You know how in fantasy worlds, its all english? Kinda breaks the immersion a bit. I wanna find something where they make it as realistic as possible, and make everything in a fictional language, basically using subtitles as the main way to understand the plot.
EverQuest 2 has languages that you can learn and also use in chat.
First thing that comes to mind is the video game Tunic, where the objective of the game is to decipher the language.
Secondly, Stargate (the movie) while not entirely or majorly in a fictional language, the alien characters speak their own language consistently, and part of the plot involves how they communicate. In the TV show they forego of that because it would be a pain to have new languages every episode, so you do have to suspend your disbelief for that, but the movie is golden in that regard.
Then there’s other stuff like Sims or Shadow of the Colossus where everything is in made up languages but it has no impact in the plot or mechanics.
The Panzer Dragoon series, except for Saga which is only partly in the fictional language.

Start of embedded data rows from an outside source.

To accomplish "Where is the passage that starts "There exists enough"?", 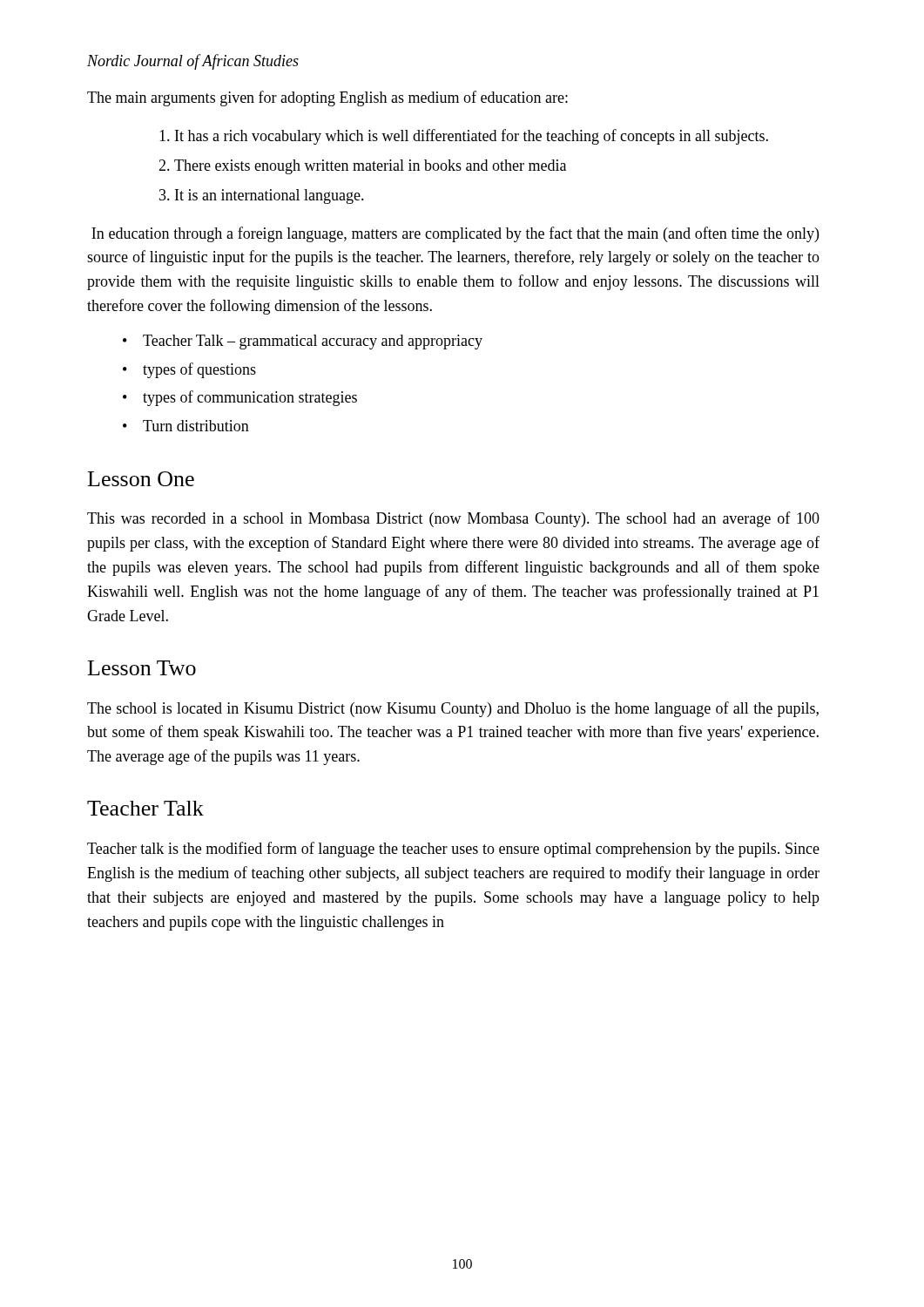I will (497, 166).
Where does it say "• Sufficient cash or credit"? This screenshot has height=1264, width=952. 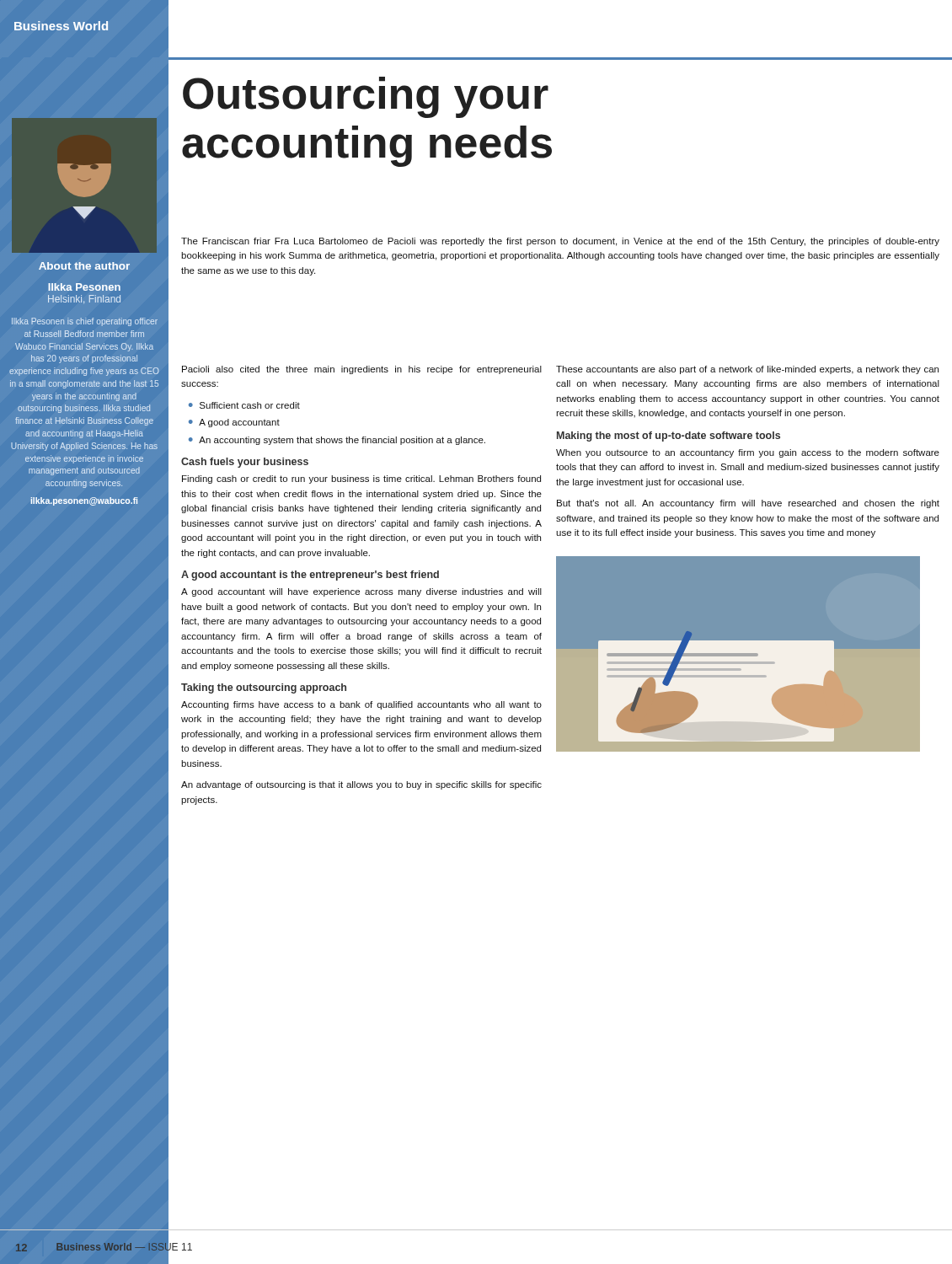pos(244,406)
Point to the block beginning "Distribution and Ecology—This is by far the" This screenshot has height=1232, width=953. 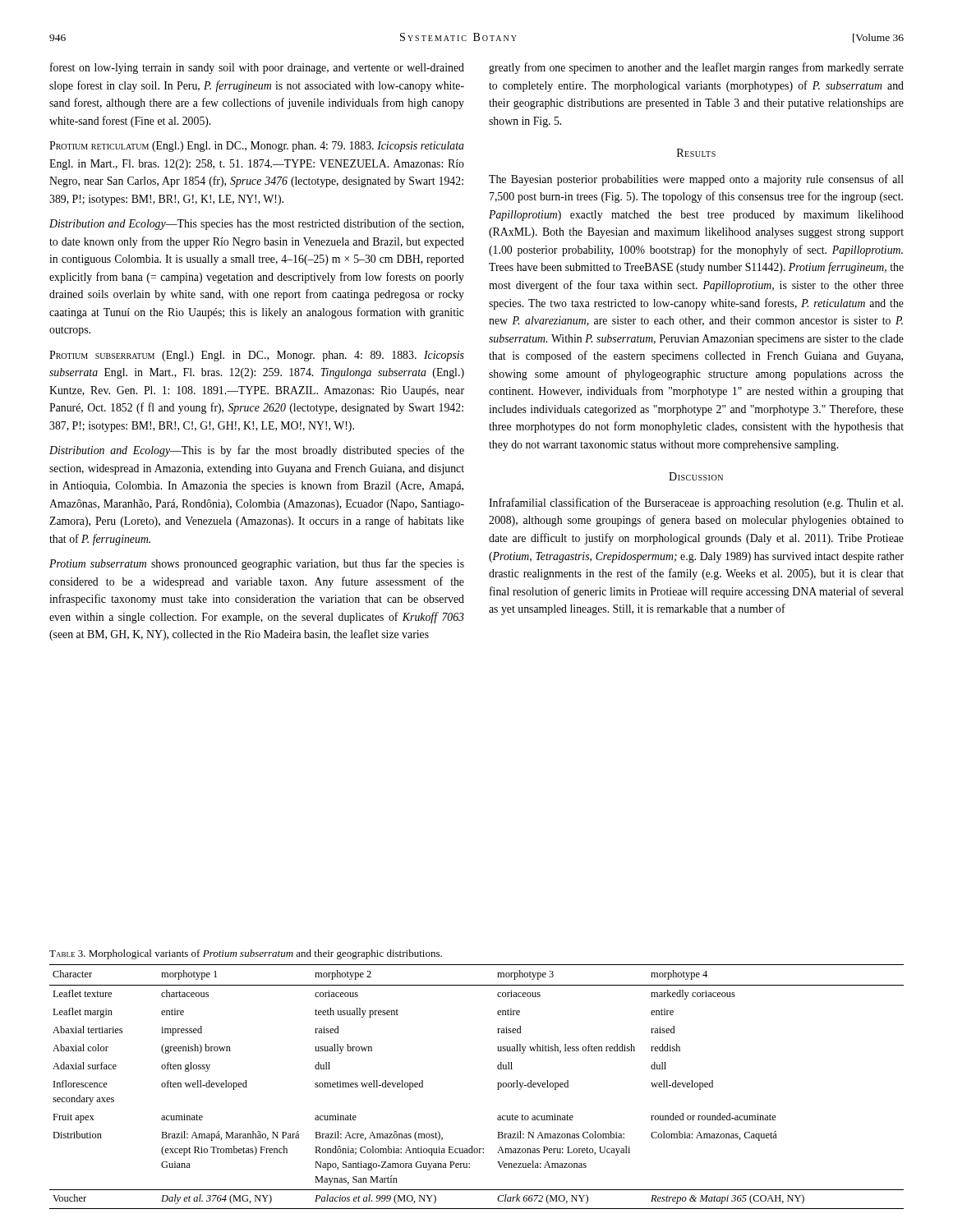tap(257, 495)

As far as video games go, an obvious answer is the Sims.
Perhaps only slightly less prominent is Shadow of the Colossus. Insofar as I know all of the spoken dialog is a nonsense fictional dialect that definitely isn’t Japanese, except possibly when calling your horse’s name. The language is based off of syllables and random bits from both Japanese and Latin with some of the syllables being spoken backwards, and with a kinda-sorta Japanese style cadence. But it’s utter gibberish, and only the subtitles make it intelligible.
I think Ico and Last Guardian from the same company use the same language
Star Trek and Game of Thrones have some lines in their fictional languages (Vulcan and Klingon for Star Trek, High Valyerian for Game of Thrones).
The games Out There and No Man’s Sky feature a mechanic where aliens talk in a completely unknown language, but as you gradually learn the language, the subtitles gradually become more and more English.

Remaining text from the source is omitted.